5. Strategy and 2-Party Domination. Most will, in an election like Bush v Gore v Nader 2000, exaggerate their good and bad opinions of Bush and Gore by artificially ranking them first and last, even if they truly feel Nader is best or worst. They will do this in order to give their vote the "maximum possible impact" so it is not "wasted". (If they voted Nader top, then their vote would only have half the impact they get by exaggerating Gore versus Bush. They can't afford to waste half their vote like that because their opponents aren't going to be that stupid.) Once they make this decision, with Borda, Nader automatically has to go in the middle slot, they have no choice about him. If all voters behave this way, then automatically the winner will be either Bush or Gore. Nader can never win a 3-candidate Borda election with this kind of strategic voters. (Unless it is an exact 3-way tie and the tie-break goes Nader's way, which'll never happen in reality. Note: Nader can win this kind of election if there are more than 3 candidates.)

In view of this, third parties would be silly to push Borda. They should advocate range.

Analogously, in range voting, if the voters exaggerate and give Gore=99 and Bush=0 (or the reverse) in order to get maximum impact and not waste their vote, then they are still free to give Nader 99 or 0 or anything in between. Consequently, it would still be entirely possible for Nader to win with range, and without need of any kind of tie. (For example, if 51% of the voters rated Bush=99 and Gore=0, and 49% rated Bush=0 and Gore=99, and 60% of the voters rated Nader>90, then Nader would win easily with range voting.)

Think this kind of strategic thinking won't matter much? Wrong. The "National Election Study" showed that in 2000, among voters who honestly liked Nader better than every other candidate, fewer than 1 in 10 actually voted for Nader.
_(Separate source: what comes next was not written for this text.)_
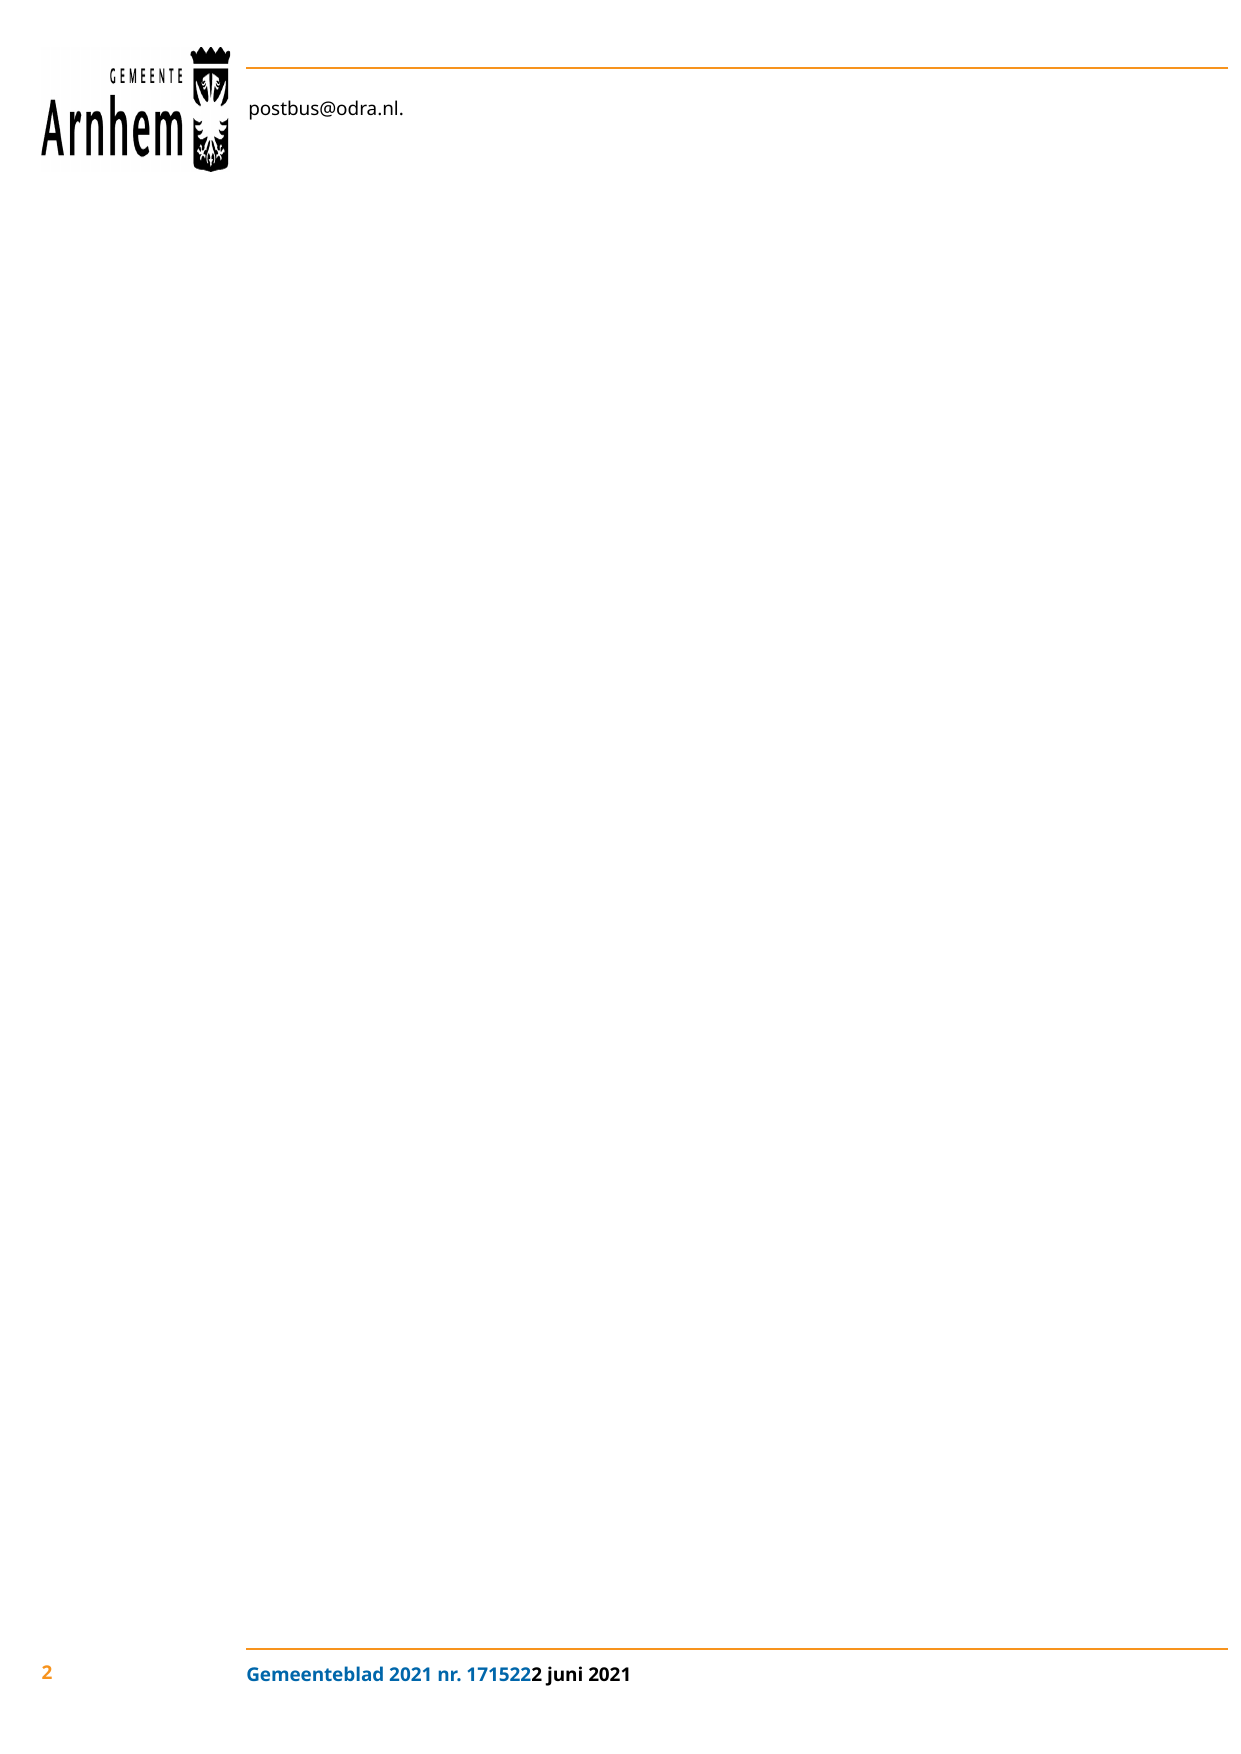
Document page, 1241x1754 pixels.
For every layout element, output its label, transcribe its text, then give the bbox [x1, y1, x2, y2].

picture [41, 47, 231, 172]
text postbus@odra.nl. [248, 95, 1152, 121]

That was because of precisely this sort of strategic ploy – these voters did not wish to "waste their vote" and wanted "maximum impact" so they pretended either Bush or Gore was their favorite. (Same thing happened with voters whose true favorite was Buchanan.) In short, strategy has an enormous impact in the real world, and over 90% of real voters act strategically and not honestly, given the chance. [Another, different sort, of example where strategic voting is known to have had a huge impact, was described on p.65 of Lakeman & Lambert's book: a 1950 Gallup poll showed 38% of British voters wanted to vote Liberal but only 9% did.] That is exactly why third parties always die out and the USA is stuck with 2-party domination.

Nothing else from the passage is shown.